We have solved two structures of PcrA helicase in complex with a true DNA substrate. In the first structure PcrA is bound to a partial duplex DNA (10 base pairs and a 7 base 3' single stranded overhang) and to ADPNP (a non-hydrolysable analogue of ATP). This structure represents a snapshot of the helicase before ATP hydrolysis and we therefore refer to it as the "substrate complex". The second structure consists of PcrA bound to the same DNA substrate and a sulphate ion. The sulphate ion occupies the position of the phosphate ion after ATP hydrolysis and so we refer to this as a "product complex".

Macromolecular motions
Comparison of the apo, substrate and product complexes reveals large conformational changes associated with DNA binding and with nucleotide binding and hydrolysis. Using the excellent morph server available here, we have been able to create movies which help to show the nature of these movements clearly.

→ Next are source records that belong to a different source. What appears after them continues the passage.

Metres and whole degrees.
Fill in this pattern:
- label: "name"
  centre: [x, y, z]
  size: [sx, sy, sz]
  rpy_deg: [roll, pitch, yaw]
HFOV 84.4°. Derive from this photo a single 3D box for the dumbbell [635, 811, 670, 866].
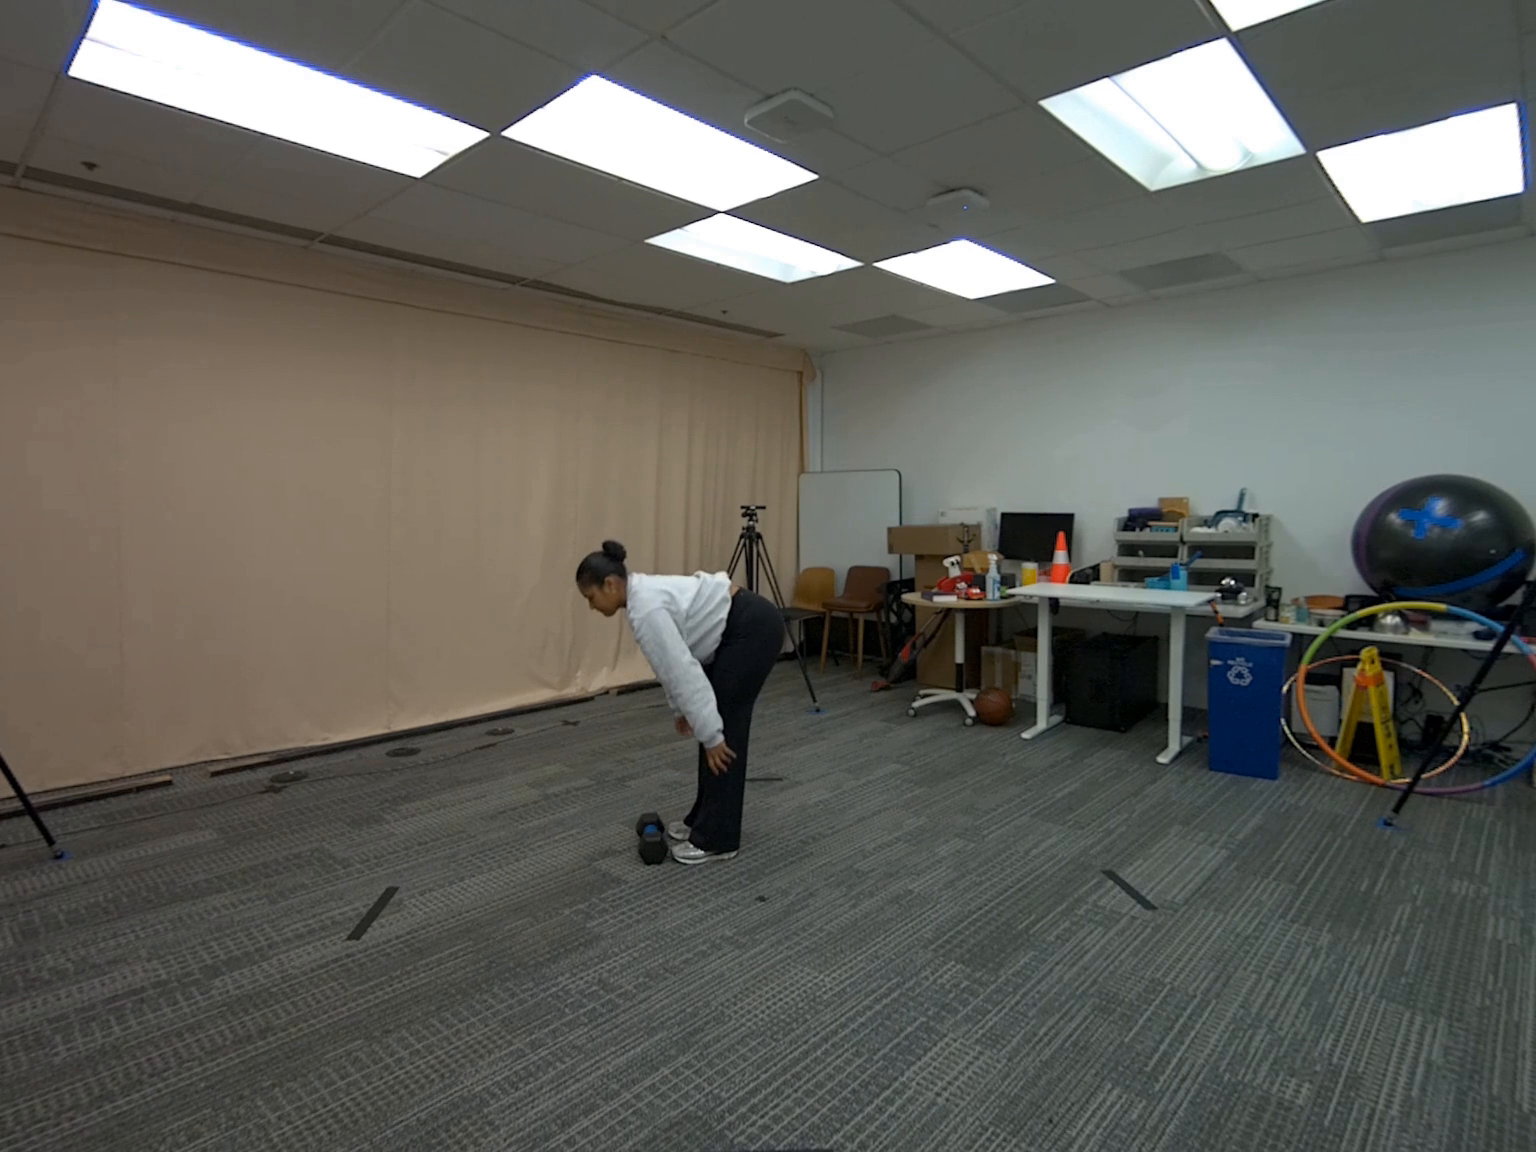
- label: "dumbbell"
  centre: [-0.466, 1.066, 3.410]
  size: [0.107, 0.123, 0.297]
  rpy_deg: [32, -1, -11]

Model for single stranded DNA translocation

On the basis of the substrate and product complexes of PcrA we have proposed a model for how the free energy of ATP hydrolysis is harnessed to create a single stranded DNA tracking motor.

Modified inchworm model for PcrA catalysed helicase activity
We propose a model in which PcrA catalysed helicase activity comprises two structurally distinct but coupled activities. Firstly, the protein contains a single stranded DNA motor (above), hydrolysing one ATP per base translocated. Secondly the protein undergoes ATP dependent conformational changes which actively distort the duplex DNA ahead of the progressing ssDNA tracking motor, presumably aiding in its progress.